Branche de gestion d’actifs du groupe bancaire éponyme, BNY Mellon IM représente près de 1800 milliards de dollars d’actifs sous gestion, en faisant le cinquième acteur mondial. Le groupe adopte un modèle multi-boutique avec 8 sociétés de gestion détenues. Directrice en charge du marché français depuis la création du bureau de Paris en 2009, Anne-Laure Frischlander livre sa vision d’un secteur en pleine (r)évolution.

Décideurs. Comment avez-vous perçu les marchés sur l’année 2018 ?

Anne-Laure Frischlander. C’était une période assez intéressante. On a assisté à la fin du quantitave easing, sous fonds de   guerre commerciale entre les États-Unis et la Chine, des cycles économiques contrastés en Europe et aux USA en plus des mouvement exacerbés dans pays émergents du fait notamment d’un dollar (trop) fort. Ces trois forces ont influé sur les marchés. Celle qui faisait retenir leur souffle à la majorité des observateurs était le passage du quantitative easing au quantitative tightening, non pas tant par ce principe largement intégré par les marchés mais plus dans les anticipations de son ampleur. La fin du soutien des banques centrales a posé la question de savoir comment répondre aux autres chocs que l’on a pu observer comme cela a pu être le cas à l’été 2018 en Argentine ou en Turquie ou encore en automne avec l’inquiétude italienne et le retour du ralentissement économique. Sur les marchés européens, c’est inévitablement le Brexit qui sème le doute quant à sa mise en œuvre. Ensuite, l’inflation restera une variable clé à regarder quant aux futures marges de manœuvre des banques centrales Il faut apprendre à naviguer sans filet dans un cycle qui n’est pas encore arrivé à son point de rupture. Néanmoins, si l’on regarde le monde dans sa globalité nous ne sommes pas assis sur une crise systémique telle que par le passé En effet, le système monétaire est bien plus simple que par le passé et les liquidités sont plus importantes, ce qui n’est pas négligeable.
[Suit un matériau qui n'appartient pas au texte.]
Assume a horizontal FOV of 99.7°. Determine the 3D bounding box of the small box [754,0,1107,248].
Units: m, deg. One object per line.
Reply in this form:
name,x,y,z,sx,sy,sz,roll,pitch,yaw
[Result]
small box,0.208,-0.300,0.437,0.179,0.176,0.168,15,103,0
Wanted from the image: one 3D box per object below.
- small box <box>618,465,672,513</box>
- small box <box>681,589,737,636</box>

Comment voyez-vous le mouvement de consolidation actuelle du secteur ?

C’est un mouvement amorcé il y a quelques années et qui va se poursuivre. D’un côté, les géants vont inévitablement croître. De l’autre, les marges s’amenuisent. Mifid II a fortement impacté les coûts, et le volume est devenu plus important que la marge. L’environnement UCITS devient très complexe. Néanmoins, il ne faut pas tomber dans la course à la taille à tout prix, en travaillant très en dessous des marges.
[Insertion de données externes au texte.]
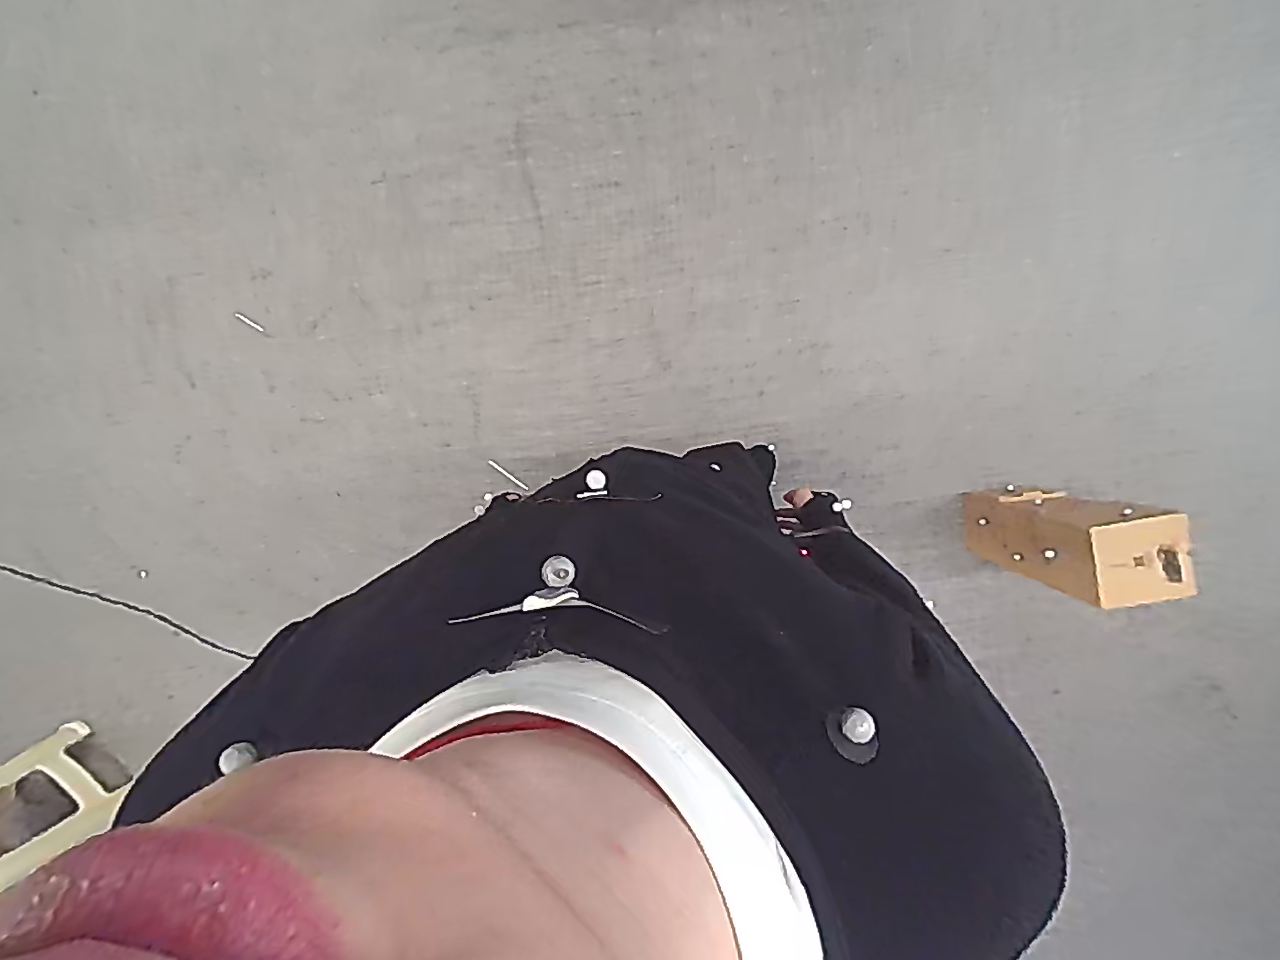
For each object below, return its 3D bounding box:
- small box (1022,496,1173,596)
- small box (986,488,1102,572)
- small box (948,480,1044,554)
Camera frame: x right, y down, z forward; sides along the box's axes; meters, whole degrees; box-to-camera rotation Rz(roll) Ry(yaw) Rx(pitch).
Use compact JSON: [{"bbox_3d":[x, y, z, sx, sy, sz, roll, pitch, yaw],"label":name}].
[{"bbox_3d":[0.952,0.131,1.136,0.179,0.176,0.168,-9,94,2],"label":"small box"},{"bbox_3d":[0.965,0.118,1.302,0.179,0.176,0.168,-7,96,1],"label":"small box"},{"bbox_3d":[0.974,0.096,1.482,0.168,0.176,0.179,-9,95,1],"label":"small box"}]

Quelle importance ont pris les critères ESG ?

C’est tout simplement la nouvelle norme. Nous n’en parlerons plus dans quelques années tant il sera normal de les implémenter dans l’ensemble des solutions de l’entreprise. Les asset managers sont de plus en plus force de proposition dans ce domaine. Cependant, il convient de trier les acteurs qui ont mis en place une véritable stratégie ESG depuis plusieurs années de la simple démarche marketing. Cela a été le cas chez nous avec notre société de gestion Newton, pionnier en matière de gouvernance. On se rend compte que ces critères rentrent en ligne de compte autant que les données chiffrées dans le processus de sélection d’une valeur.
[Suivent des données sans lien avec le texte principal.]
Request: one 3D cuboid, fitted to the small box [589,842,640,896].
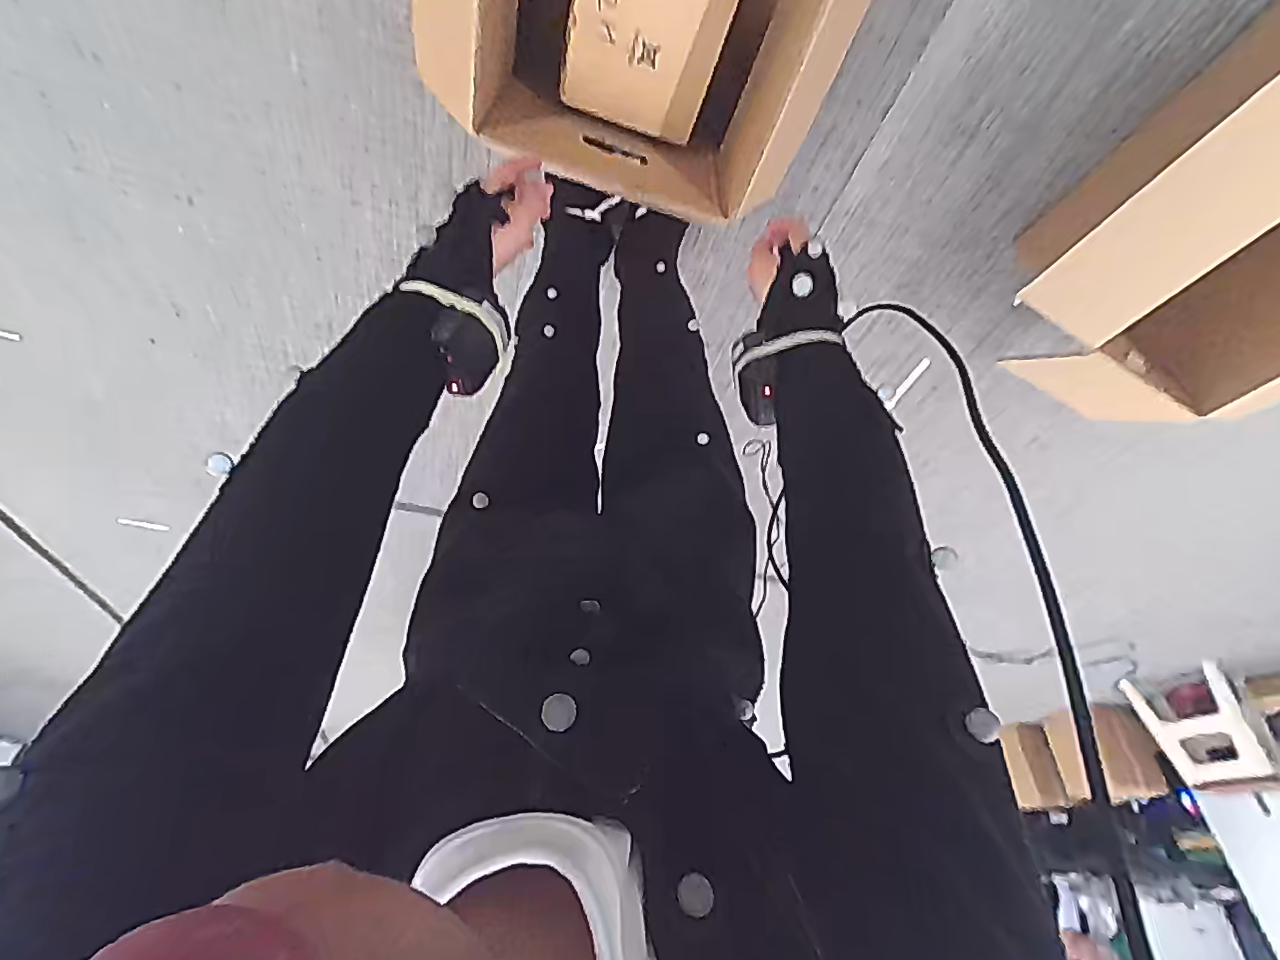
[{"bbox_3d":[-0.105,1.601,2.226,0.179,0.176,0.168,10,140,-10],"label":"small box"}]

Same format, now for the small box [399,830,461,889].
[{"bbox_3d":[-0.793,1.438,2.049,0.179,0.176,0.168,17,137,-16],"label":"small box"}]

La gestion passive représente-t-elle une vraie concurrence pour BNY Mellon ? La gestion Passive peut bien entendu faire concurrence à notre gestion active dans une environnement où nous observons une pression sur les prix. Toutefois, nous en proposons également via notre affliléMellon. La course au niveau des frais oblige le gérant actif à démontrer sa valeur ajoutée face à la gestion indicielle. Il s’agit d’avantage d’un challenge que d’une véritable concurrence. On relèvera par ailleurs que ce phénomène est moins palpable sur le marché français que dans d’autres pays comme la région scandinave ou les Pays-Bas.

Quel segment de clientèle a été le plus porteur en 2018 ?

Les clientèles wholesale et institutionnelle représentent une importance égale, mais cette année le marché institutionnel a été plus porteur pour nous notamment par le fait que nous disposons d’une offre solide en matière de dette privée. Le wholesale a été impacté par un effet wait and see dû à la méforme des marchés notamment.